Returning to the mainland in 1889, Kittelsen marries; a self-portrait has him bearded, head turned slightly, pale eyes pensive with an intense inner glow that follows me around the room. The brow is slightly furrowed, the hair short and brownish-fair under an artist’s deep hessian skullcap; the dark, crumpled, jacket open to reveal a linen shirt and collar.

Island solace - Skomvaer Lighthouse

Island solace – Skomvaer Lighthouse

Life was difficult for Kittelsen, his wife and nine children. As time passed the artist’s health failed, the family forced to sell the home and leave for Oslo in 1910.

Kittelsen died at age 57, his friend Christian Skredsvig lamenting “..there will never be anyone to succeed him. Even the trolls have disappeared for always. At any rate, I have never seen them since.”

The mainland ferry approaches, the Arctic wind loaded with the smell of salt and wooden racks of salted cod. I dally by the terminal, peering through jetty cracks to the heaving black below, before gazing out to sea. Three silent cormorants sit on a nearby skerry, wet wings extended out to dry, long snakelike necks and hooked beaks held high. These must surely be THE three cormorants of Røst, an ancient tale of bird brothers in a magical land south of Skomvær, and sketched by Kittelsen; a land where drowned sailors live forever, visiting their families in the form of cormorants.

`Nykerne' by Theodor Kittelsen (circa 1887)

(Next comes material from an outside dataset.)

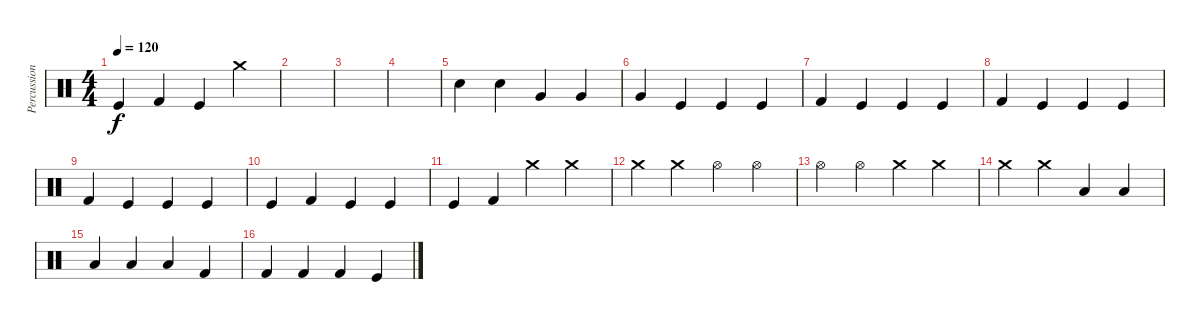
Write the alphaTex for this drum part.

`Nykerne’ by Theodor Kittelsen (circa 1887)

The horizon is blurred, bird islands laden with ethereal swirls. Sheer granite slabs fall to a wine dark sea. Weird rocky knolls are giant trolls, all warts and wild whiskers. Mysterious hunched figures brood in tumbled cloaks, hiding spell books and pondering the ways of timeless oceans. Ragged mountain crags are cyclopean shapes, heads with crooked faces and big noses. Clouded silhouettes are sirens, the wind their toxin song – Kittelsen’s visions as mystical as anything Homer imagined.


  1. Paul Luoma says:

    Informative. Thanks. No photos or pictures of Kittelsen? I found a few grainy photos and self-portraits. People have said -of one photo of him (sideview), in his early ’50’s- that I am a doppelgänger. Any suggestions/links you can help with?

    Thank you,

    Paul Luoma

  2. dalecooper57 says:

    Great post Ian. What a terrific story. Just been watching a series about Scandinavia, it reminded me of the time I spent in Denmark when I was young, wonderful country, I’d love to go back sometime.

  3. jerseylil says:

    Ian, I really appreciate being introduced to the work of Theodor Kittelsen. I was not aware of this talented Norwegian artist. Quite a tribute to him by his friend, Christian Skredsivg, “…there will never be anyone to succeed him. Even the trolls have disappeared for always.” Difficult life though and I wonder if he was driven by personal demons. Enjoyed your descriptions and photos as you traveled through that part of Norway. Loved Kittelsen’s sketches, such depth and imagination! Yes, “visions as mystical as anything Homer imagined.” Wonderful post!

  4. Big D says:

    Not an artist I’d ever heard of before. Looking at what you’e posted and what you wrote, his stuff is very much a reflection of his surroundings.
    Liked the bit about the dead sailors returning as cormorants too.

  5. Ian, your words do Kittlesen honor. Your bring the stark, forbidding landscape he poeticized so well in his drawings back to life.

  6. Janene says:

    I’ve never heard of Kittelsen. Thanks for introducing him to me. The black and white of his sketches really capture the starkness of the area. Looks like you had an interesting journey, yourself. Cool!

  7. As a kid, I remember having an illustrated Scandinavian storybook that had all sorts of trolls, goblins, and fairies in it. I wonder if maybe some of those illustrations were by Kittelsen? Norway and Iceland seem like such magical places, and your piece captured that imagery so nicely.

    • IanC says:

      The fact that you recall those sketches Kris, indicates a real impact on you as a kid. I’m thinking they must have been by Kittelsen.
      Cheers, ic

  8. umashankar says:

    Ian, few writers make me live the moments the way your words can. That was an amazing world of white and grey, freezing sea, craggy hills among the omnipresent snow, mingled with the story of Kittelsen. You have capture the indescribable without a flinch.